Title: [226705] trunk/Source/WebCore
Revision
226705
Author
[email protected]
Date
2018-01-10 02:16:40 -0800 (Wed, 10 Jan 2018)

Log Message

Add Service Worker CSP persistency
https://bugs.webkit.org/show_bug.cgi?id=181434

Patch by Youenn Fablet <[email protected]> on 2018-01-10
Reviewed by Alex Christensen.

Covered by manual testing.
Future work on service worker test infrastructure should allow automating such tests.

Add support for service worker CSP data persistency.
Add a version parameter to increment each time the schema is changing.
This allows the same store to be used by multiple WebKits.

* workers/service/server/RegistrationDatabase.cpp:
(WebCore::v1RecordsTableSchema):
(WebCore::RegistrationDatabase::openSQLiteDatabase):
(WebCore::RegistrationDatabase::doPushChanges):
(WebCore::RegistrationDatabase::importRecords):

Modified Paths

Diff

Modified: trunk/Source/WebCore/ChangeLog (226704 => 226705)
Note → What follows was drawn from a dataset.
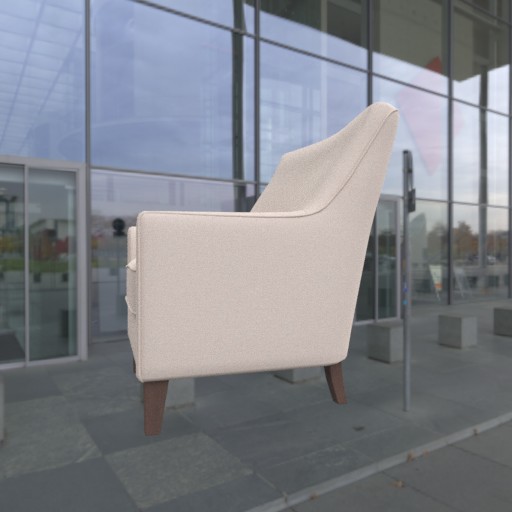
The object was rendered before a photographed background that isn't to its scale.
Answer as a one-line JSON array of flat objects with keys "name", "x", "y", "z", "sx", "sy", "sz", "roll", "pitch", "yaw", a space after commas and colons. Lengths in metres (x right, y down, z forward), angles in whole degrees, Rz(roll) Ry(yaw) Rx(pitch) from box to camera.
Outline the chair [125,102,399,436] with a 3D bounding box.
[{"name": "chair", "x": 0.000, "y": 0.000, "z": 1.565, "sx": 0.879, "sy": 0.916, "sz": 0.756, "roll": 0, "pitch": 0, "yaw": -18}]

--- trunk/Source/WebCore/ChangeLog	2018-01-10 10:15:42 UTC (rev 226704)
+++ trunk/Source/WebCore/ChangeLog	2018-01-10 10:16:40 UTC (rev 226705)
@@ -1,3 +1,23 @@
+2018-01-10  Youenn Fablet  <[email protected]>
+
+        Add Service Worker CSP persistency
+        https://bugs.webkit.org/show_bug.cgi?id=181434
+
+        Reviewed by Alex Christensen.
+
+        Covered by manual testing.
+        Future work on service worker test infrastructure should allow automating such tests.
+
+        Add support for service worker CSP data persistency.
+        Add a version parameter to increment each time the schema is changing.
+        This allows the same store to be used by multiple WebKits.
+
+        * workers/service/server/RegistrationDatabase.cpp:
+        (WebCore::v1RecordsTableSchema):
+        (WebCore::RegistrationDatabase::openSQLiteDatabase):
+        (WebCore::RegistrationDatabase::doPushChanges):
+        (WebCore::RegistrationDatabase::importRecords):
+
 2018-01-10  Antti Koivisto  <[email protected]>
 
         Invalidate current element style on class change accurately

Modified: trunk/Source/WebCore/workers/service/server/RegistrationDatabase.cpp (226704 => 226705)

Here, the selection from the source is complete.